Just things about mental health

Pre-amble….. I’m not very good at not just launching myself into my blogging. By which I mean when I read other peoples blogs they have a nice pace, do introductions etc – they do writing that doesn’t just fling you in at the deep end, sorry I’m not so good at that. Hold your nose we are going in… fair warning I’m talking about me a lot. And it’s pretty personal.IMG_8990

So today I’ve been thinking about my recent mental health experiences. I’ve had a pretty horrible 12 months, truth be told. Spent most of the early part of 2017 with a nasty bout of labyrinthitis which you may or may not know is a disease of the inner ear. This affected my balance massively and was exhausting to live with. All my energy was taken up with just getting through the day without falling over. If you have it you have my empathy and understanding.

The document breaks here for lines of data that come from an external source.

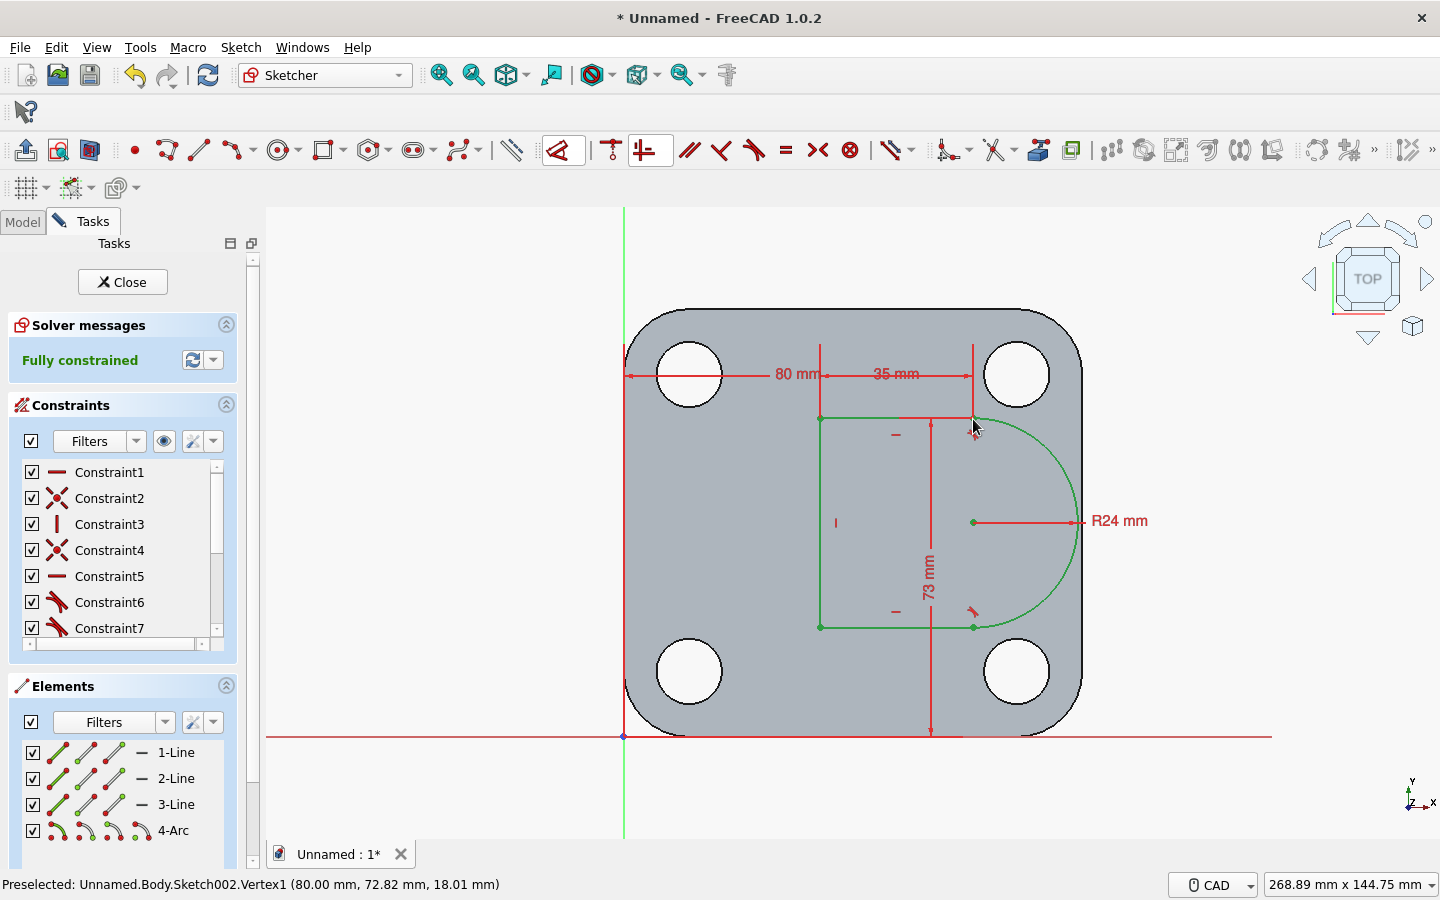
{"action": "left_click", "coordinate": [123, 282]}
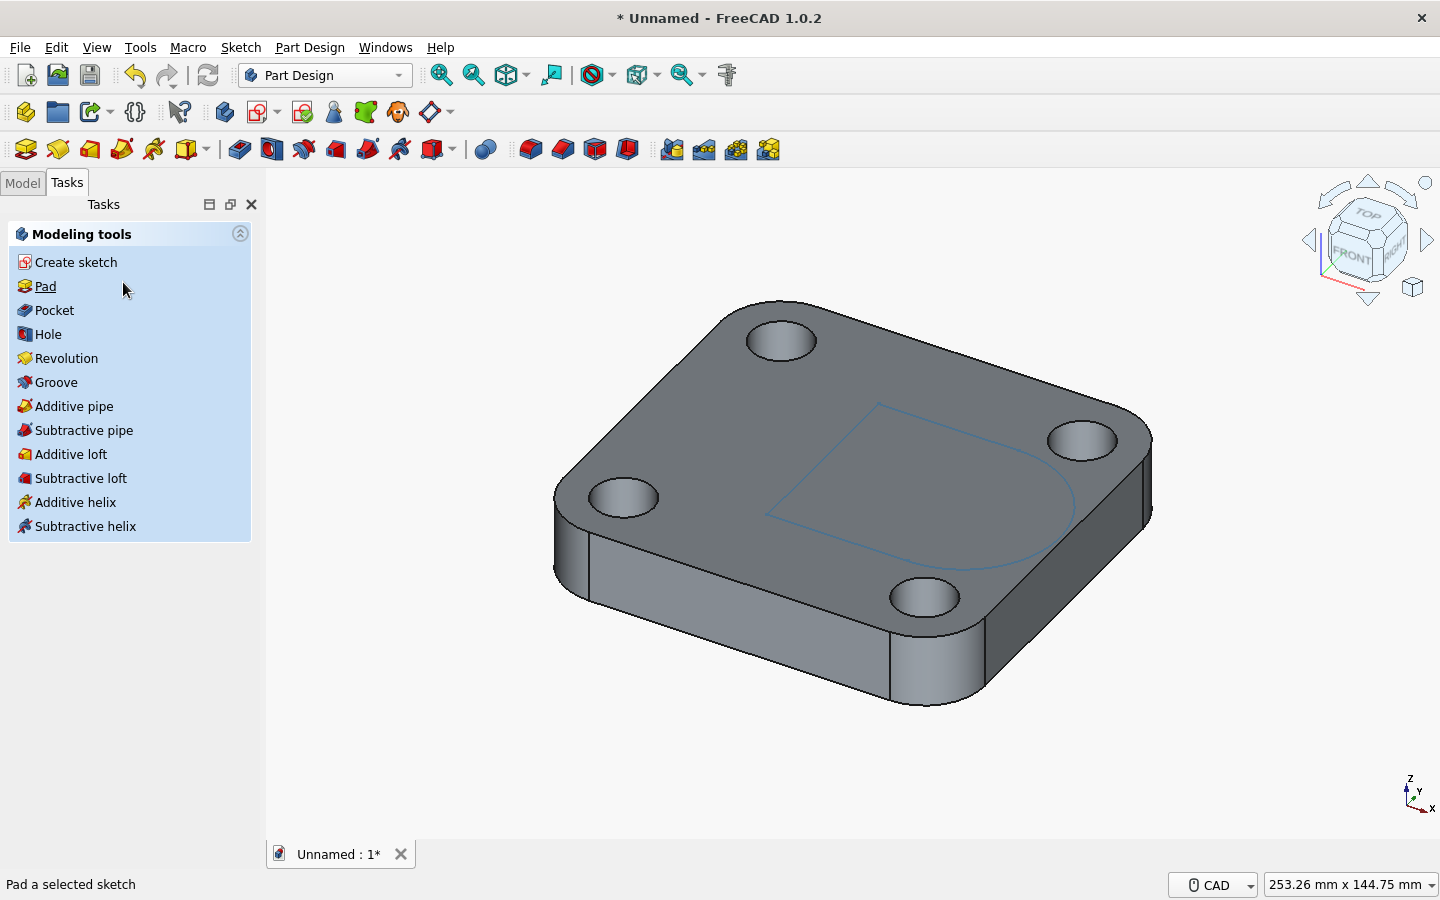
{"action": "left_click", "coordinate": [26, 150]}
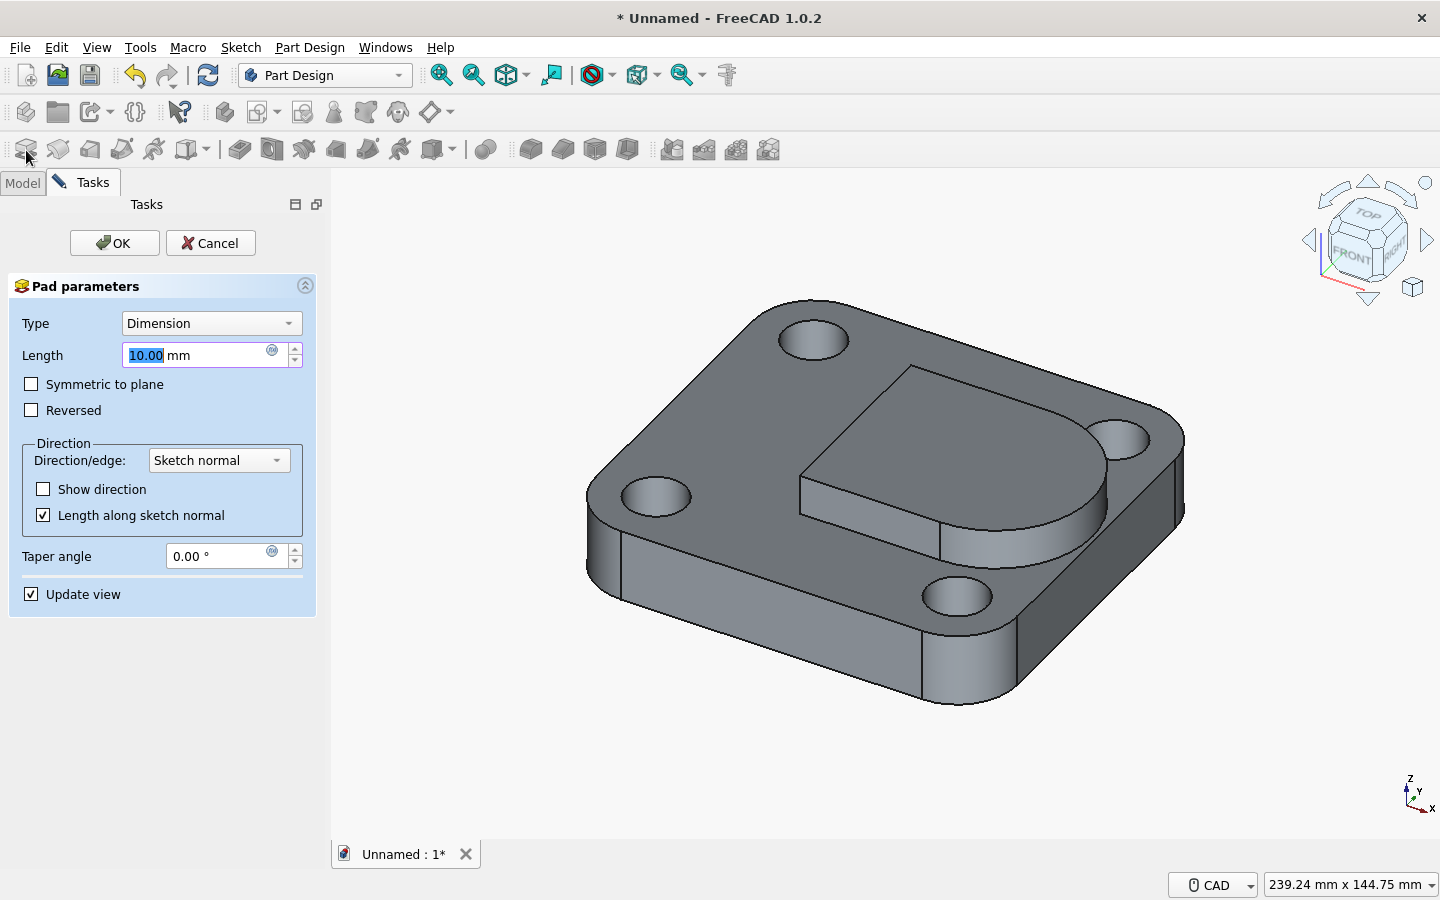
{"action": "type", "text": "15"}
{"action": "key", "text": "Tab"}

It took me months to recover from this, then depression and anxiety hit me, I began to question my value as a human. I’d barely worked for months, and although my employment was unaffected they were very good to me, my self-worth waned. That being said it was never that great to start with. By November of 2017, I was in a really weird place mentally. Suffering from obsessive repetitive OCD like ideas, and PTSD from unresolved childhood issues really took hold, thankfully I have amazing friends who made me see a doctor. I wasn’t ready to jump under a bus, but somedays I felt like an accidental bus squishing could only be a good thing. Pretty sad huh? I was sad, and I was obsessing about things of little consequence, ridiculous things it seems to look back. It makes me mad when people make OCD jokes like such mental anguish could ever EVER be funny.

I managed to get myself referred for some CBT if you don’t know what that is it stands for cognitive behavioural therapy – and it’s pretty hard work, and I’ll be honest you need a bit of bravery to look at yourself this way. I’ve done 8 sessions so far, each one hard and found it the most profoundly painful experience, but it has been worthwhile in building coping strategies for when I am being triggered – another word I don’t like jokes being made about. Triggers are real things, real upsets, not to be joked about. And although it is not the aim of CBT, CBT has helped me acknowledge the source of the problems, the unresolved traumas of my childhood. I have no intention of detailing them here btw, but they are pretty horrible, and they have been hidden away in shame for years. They have clouded my everyday life for years without being confronted, tainting a lot of experiences, misrepresenting the truth of lots of situations. I am confronting them now — they need to be exorcised, like a poltergeist who is moving all your stuff behind your back. You don’t understand what is happening until it all clicks together, then that ghost better start packing its bags because the spotlights are out. You can’t heal a wound without examining it, and sometimes that examination will hurt badly. But it’s a worthwhile endeavour to know you can fall asleep at night without wondering why you are so continually hurt and damaged by the world.

I won’t say I’m out of the woods completely, and somedays I feel like I am still grieving for myself and the wasted years, I have cried for the child within me because she did nothing to deserve that pain. That being said I do feel like I am ready to move on with a lot of things, to change a lot of things that I have been frightened of change. Fearing the unknown because the little things I was holding onto might have been swept away by those changes.

The world is a very different place for me now compared with 5 or 6 months ago. I can’t control everything and that’s ok now. I just have to let it go. I am feeling more positive, and things can get better. Sometimes you just need a little help to get through these things. There’s no shame there.